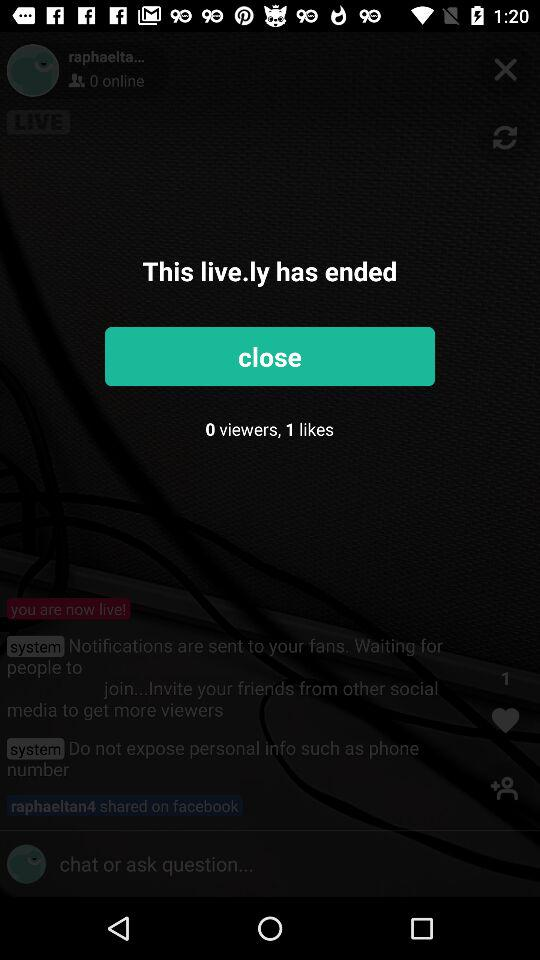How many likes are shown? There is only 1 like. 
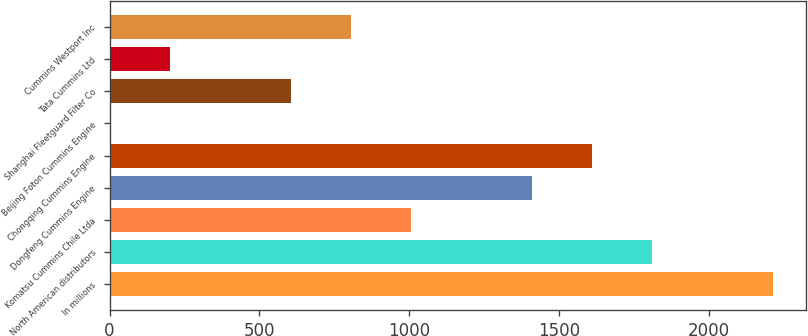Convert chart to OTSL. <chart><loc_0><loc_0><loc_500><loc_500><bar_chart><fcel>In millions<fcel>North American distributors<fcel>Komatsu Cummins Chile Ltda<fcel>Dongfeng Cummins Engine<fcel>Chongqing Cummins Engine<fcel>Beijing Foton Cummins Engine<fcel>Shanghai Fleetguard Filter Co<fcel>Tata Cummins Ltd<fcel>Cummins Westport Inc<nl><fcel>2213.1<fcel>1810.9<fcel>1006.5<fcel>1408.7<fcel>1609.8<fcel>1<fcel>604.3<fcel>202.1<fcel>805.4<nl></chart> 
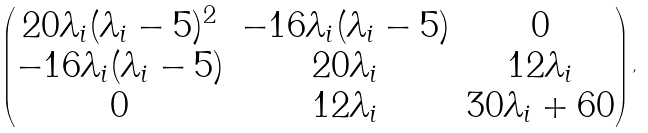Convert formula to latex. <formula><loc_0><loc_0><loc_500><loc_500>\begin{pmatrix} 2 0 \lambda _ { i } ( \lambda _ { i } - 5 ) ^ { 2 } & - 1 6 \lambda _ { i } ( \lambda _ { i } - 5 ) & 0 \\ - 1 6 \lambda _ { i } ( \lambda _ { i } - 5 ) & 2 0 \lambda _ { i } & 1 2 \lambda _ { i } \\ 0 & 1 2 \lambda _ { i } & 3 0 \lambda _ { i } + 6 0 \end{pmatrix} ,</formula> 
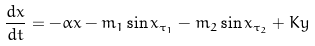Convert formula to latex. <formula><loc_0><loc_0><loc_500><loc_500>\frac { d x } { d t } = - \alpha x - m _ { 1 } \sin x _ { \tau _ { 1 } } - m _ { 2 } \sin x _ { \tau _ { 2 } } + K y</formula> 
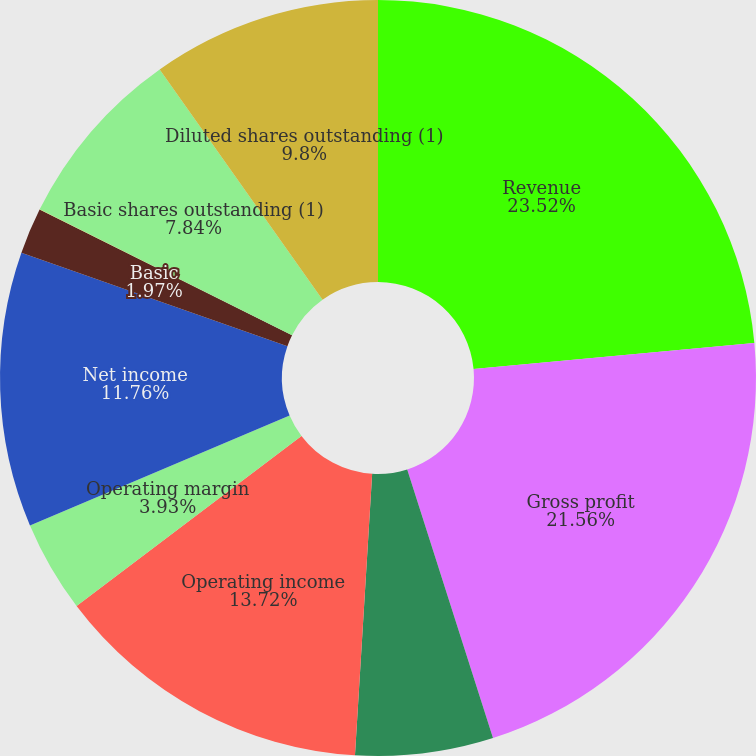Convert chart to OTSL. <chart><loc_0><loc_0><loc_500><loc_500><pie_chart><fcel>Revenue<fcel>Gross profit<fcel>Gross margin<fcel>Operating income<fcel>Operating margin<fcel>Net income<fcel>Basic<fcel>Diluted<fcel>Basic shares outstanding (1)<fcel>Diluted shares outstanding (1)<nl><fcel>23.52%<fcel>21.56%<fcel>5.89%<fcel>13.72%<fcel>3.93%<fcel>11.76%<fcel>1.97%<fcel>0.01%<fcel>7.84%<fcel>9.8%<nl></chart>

────────────────────

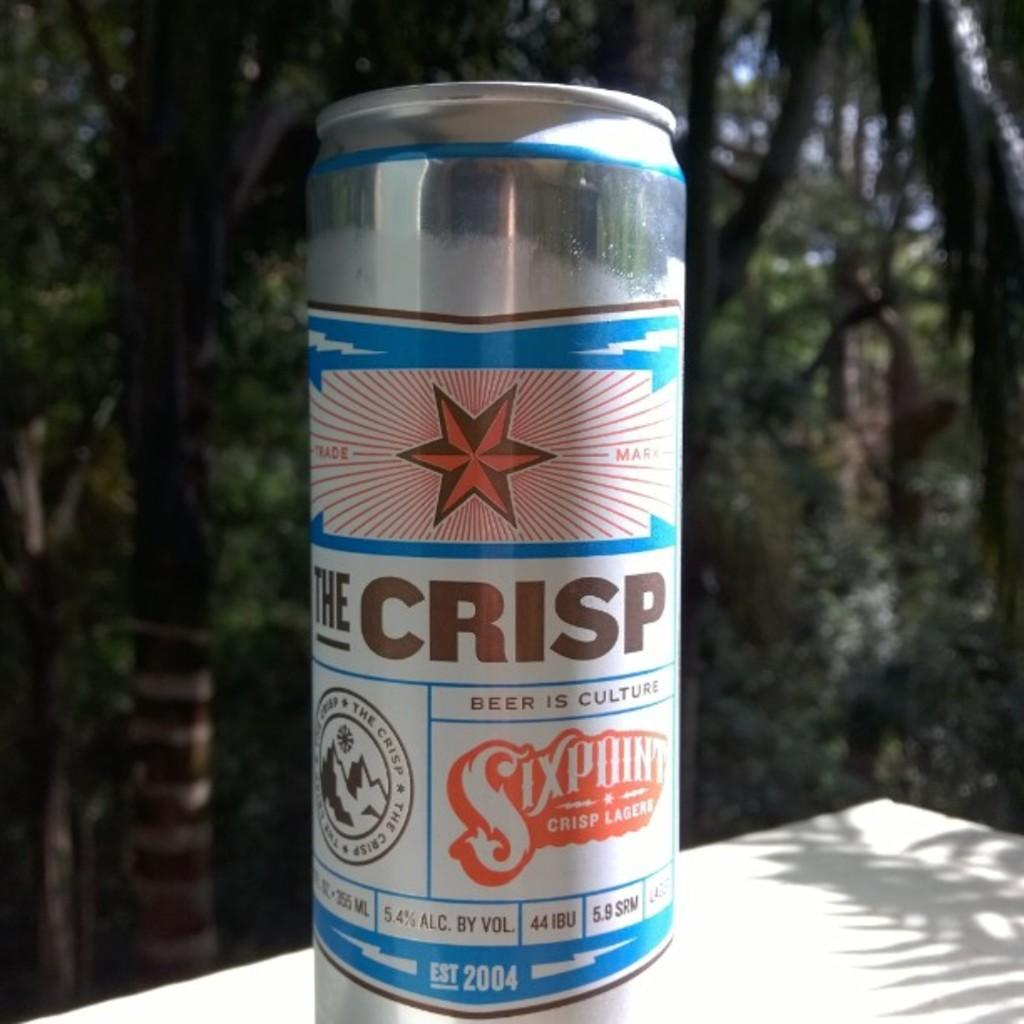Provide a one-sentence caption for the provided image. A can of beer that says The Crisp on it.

────────────────────

* PROBLEM TO SOLVE *
Only the lines of the listing above from the one with "How many likes" through the one with "3 0 \lambda" should be output, exactly, with both ends kept and pictures left out.

* RESPONSE *
How many likes are shown? There is only 1 like. 
Convert chart to OTSL. <chart><loc_0><loc_0><loc_500><loc_500><bar_chart><fcel>In millions<fcel>North American distributors<fcel>Komatsu Cummins Chile Ltda<fcel>Dongfeng Cummins Engine<fcel>Chongqing Cummins Engine<fcel>Beijing Foton Cummins Engine<fcel>Shanghai Fleetguard Filter Co<fcel>Tata Cummins Ltd<fcel>Cummins Westport Inc<nl><fcel>2213.1<fcel>1810.9<fcel>1006.5<fcel>1408.7<fcel>1609.8<fcel>1<fcel>604.3<fcel>202.1<fcel>805.4<nl></chart> 
Convert formula to latex. <formula><loc_0><loc_0><loc_500><loc_500>\begin{pmatrix} 2 0 \lambda _ { i } ( \lambda _ { i } - 5 ) ^ { 2 } & - 1 6 \lambda _ { i } ( \lambda _ { i } - 5 ) & 0 \\ - 1 6 \lambda _ { i } ( \lambda _ { i } - 5 ) & 2 0 \lambda _ { i } & 1 2 \lambda _ { i } \\ 0 & 1 2 \lambda _ { i } & 3 0 \lambda _ { i } + 6 0 \end{pmatrix} ,</formula> 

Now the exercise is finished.